Objective: To determine the diagnostic performance of dynamic contrast-enhanced magnetic resonance imaging (DCE-MRI) and DCE ultrasound (DCE-US) for predicting response to neoadjuvant chemotherapy (NAC) in breast cancer patients. Materials and Methods: This Institutional Review Board-approved prospective study was performed between 2014 and 2016. Thirty-nine women with breast cancer underwent DCE-US and DCE-MRI before the NAC, follow-up DCE-US after the first cycle of NAC, and follow-up DCE-MRI after the second cycle of NAC. DCE-MRI parameters (transfer constant [$K_{trans}$], reverse constant [$k_{ep}$], and leakage space [$V_e$]) were assessed with histograms.
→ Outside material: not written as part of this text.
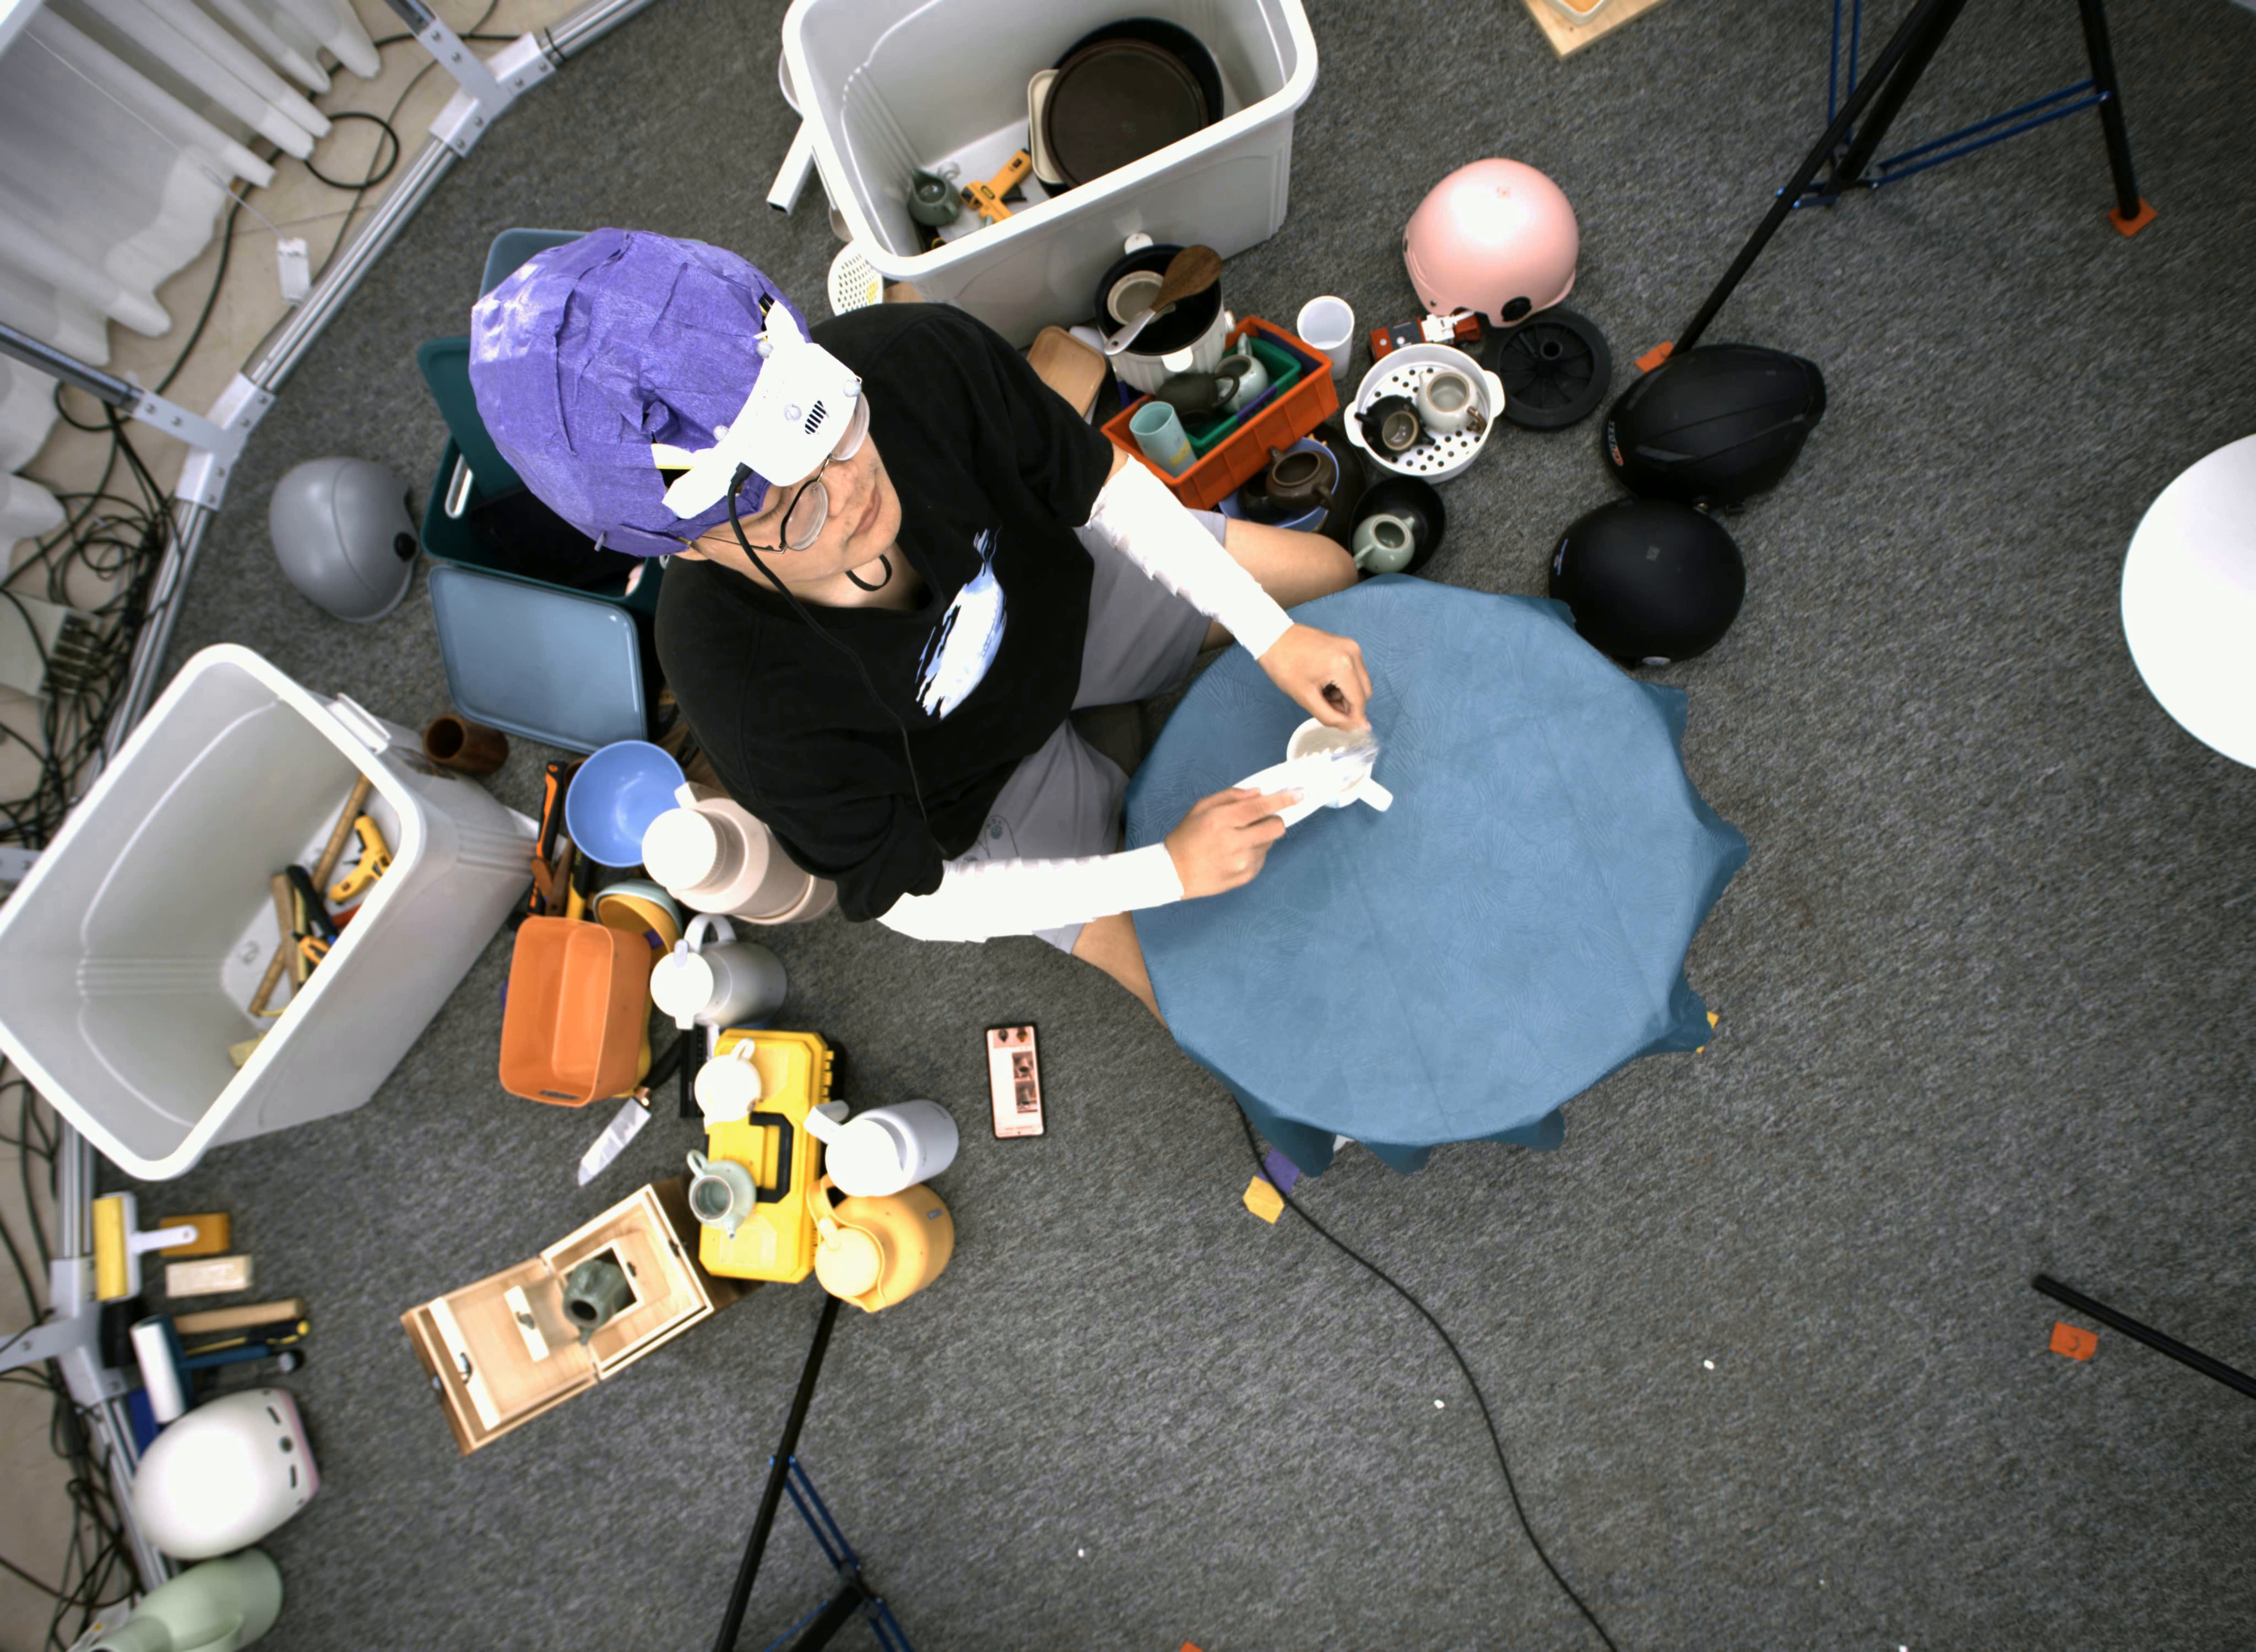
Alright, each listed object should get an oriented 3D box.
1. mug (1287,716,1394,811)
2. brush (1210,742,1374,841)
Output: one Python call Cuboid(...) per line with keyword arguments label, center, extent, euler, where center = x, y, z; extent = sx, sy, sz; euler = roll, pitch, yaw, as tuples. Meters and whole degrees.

From DCE-US, peak-enhancement, the area under the curve, wash-in rate, wash-out rate, time to peak, and rise time (RT) were obtained. After surgery, all the imaging parameters and their changes were compared with histopathologic response using the Miller-Payne Grading (MPG) system. Data from minor and good responders were compared using Wilcoxon rank sum test, chi-square test, or Fisher's exact test. Receiver operating characteristic curve analysis was used for assessing diagnostic performance to predict good response. Results: Twelve patients (30.8%) showed a good response (MPG 4 or 5) and 27 (69.2%) showed a minor response (MPG 1-3). The mean, 25th, 50th, and 75th percentiles of $K_{trans}$ and $K_{ep}$ of post-NAC DCE-MRI differed between the two groups. These parameters showed fair to good diagnostic performance for the prediction of response to NAC (AUC 0.76-0.81, $p{\leq}0.007$). Among DCE-US parameters, the percentage change in RT showed fair prediction (AUC 0.71, p = 0.023). Conclusion: Quantitative analysis of DCE-MRI and DCE-US was helpful for early prediction of response to NAC.

Keywords

Acknowledgement

Supported by : Korea Health Industry Development Institute (KHIDI)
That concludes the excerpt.